-- Dataset entries follows --

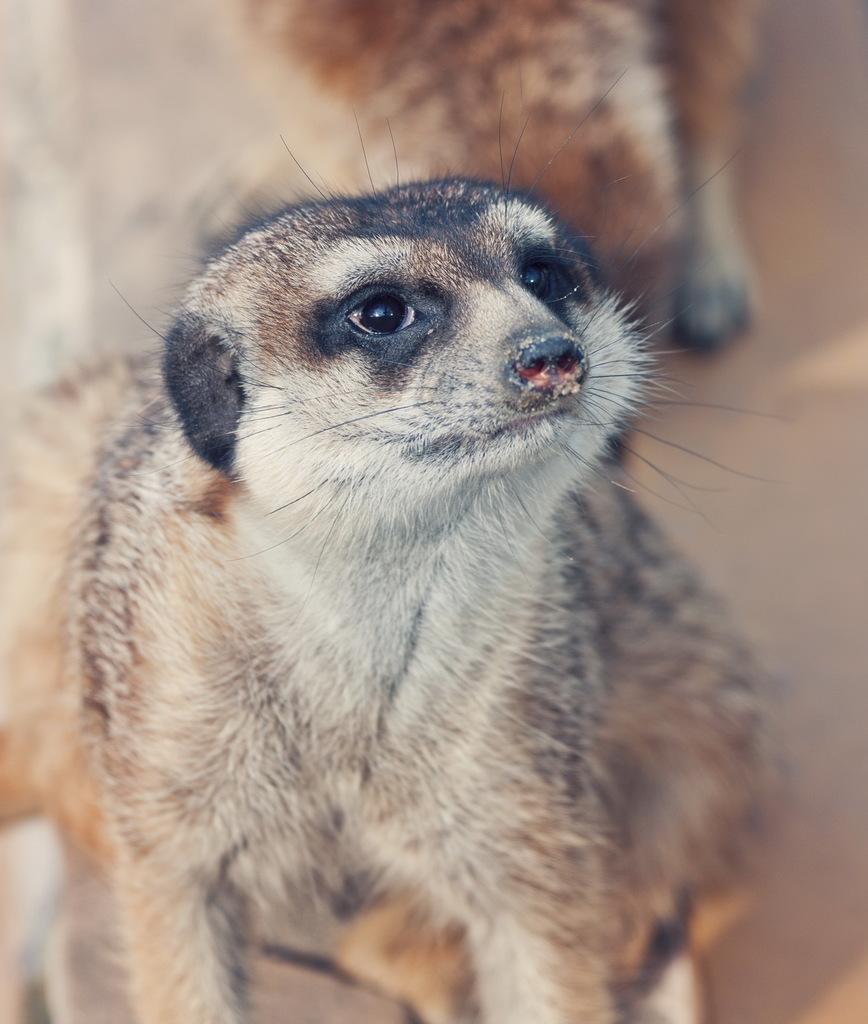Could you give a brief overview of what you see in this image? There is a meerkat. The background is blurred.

-- Dataset entries concluded --
-- Dataset entries follows --

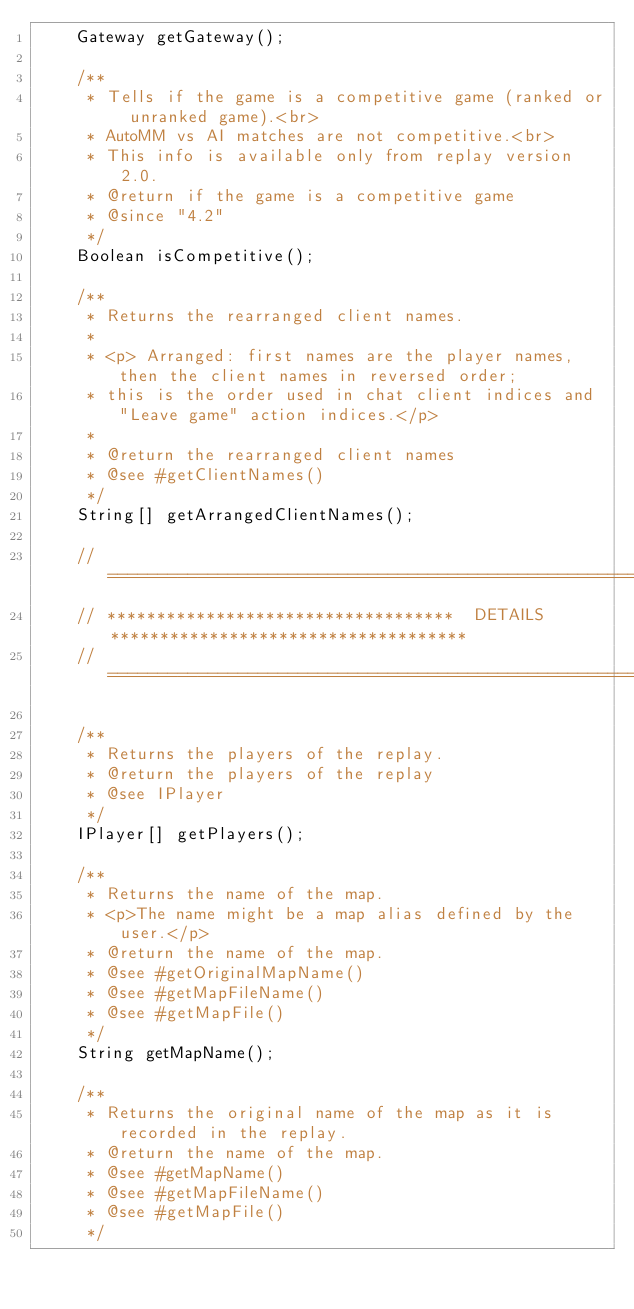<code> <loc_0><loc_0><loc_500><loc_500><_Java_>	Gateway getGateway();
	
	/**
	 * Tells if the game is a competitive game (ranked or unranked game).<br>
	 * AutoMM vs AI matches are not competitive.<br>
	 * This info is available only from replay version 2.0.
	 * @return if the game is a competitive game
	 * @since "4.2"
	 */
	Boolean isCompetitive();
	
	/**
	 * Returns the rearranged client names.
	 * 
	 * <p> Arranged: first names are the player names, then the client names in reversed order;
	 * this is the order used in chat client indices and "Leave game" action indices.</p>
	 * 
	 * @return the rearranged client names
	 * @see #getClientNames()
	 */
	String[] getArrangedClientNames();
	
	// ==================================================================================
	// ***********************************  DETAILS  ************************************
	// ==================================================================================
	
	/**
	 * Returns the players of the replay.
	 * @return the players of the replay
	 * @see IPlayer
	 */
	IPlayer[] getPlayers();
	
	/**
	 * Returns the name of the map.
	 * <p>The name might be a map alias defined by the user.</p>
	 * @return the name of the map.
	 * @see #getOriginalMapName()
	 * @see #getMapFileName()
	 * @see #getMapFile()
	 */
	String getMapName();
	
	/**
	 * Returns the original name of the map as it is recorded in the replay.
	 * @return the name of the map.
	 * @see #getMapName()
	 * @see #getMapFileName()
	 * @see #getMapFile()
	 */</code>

-- Dataset entries concluded --
-- Dataset entries follows --

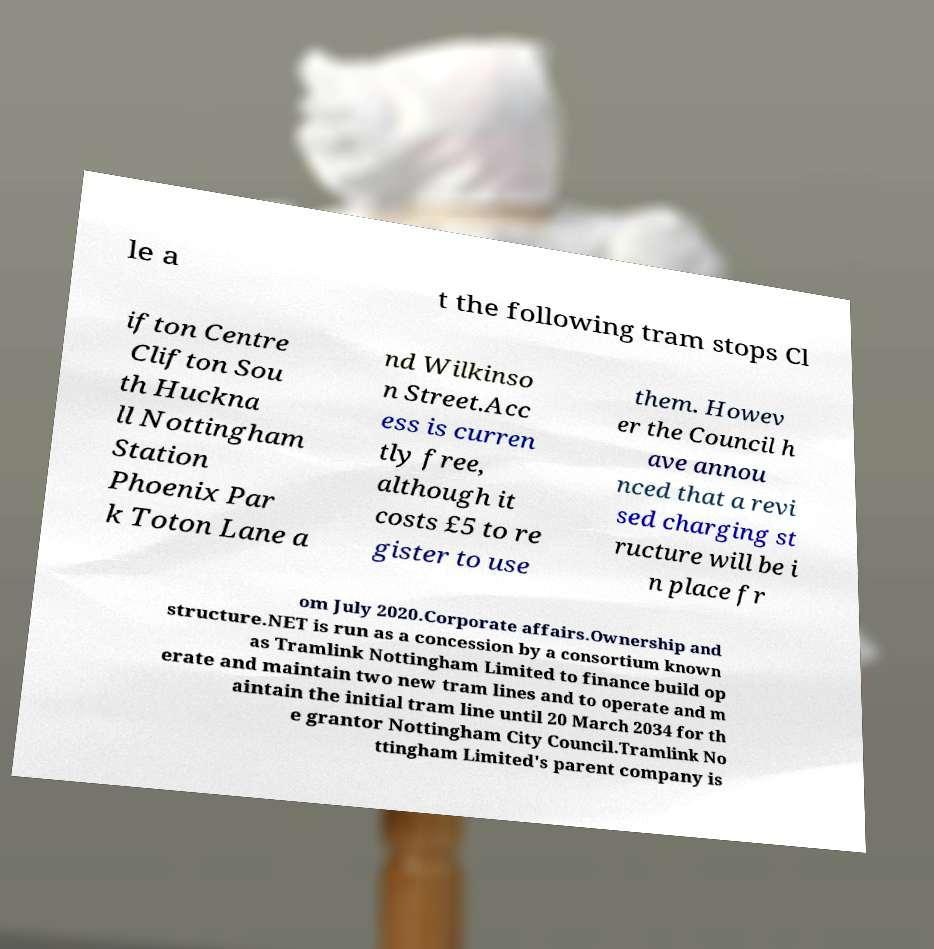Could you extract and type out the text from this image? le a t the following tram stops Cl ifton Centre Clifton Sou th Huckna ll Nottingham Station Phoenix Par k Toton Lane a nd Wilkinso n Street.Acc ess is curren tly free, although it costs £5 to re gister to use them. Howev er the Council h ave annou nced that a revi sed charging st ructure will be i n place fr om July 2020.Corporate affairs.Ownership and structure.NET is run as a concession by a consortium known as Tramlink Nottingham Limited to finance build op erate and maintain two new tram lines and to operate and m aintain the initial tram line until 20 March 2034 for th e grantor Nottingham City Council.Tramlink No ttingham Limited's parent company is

-- Dataset entries concluded --

» **What you have to do**: Give the number of lines in the material above that contain the word "game", and add nothing.

» **Response to this exercise**: 3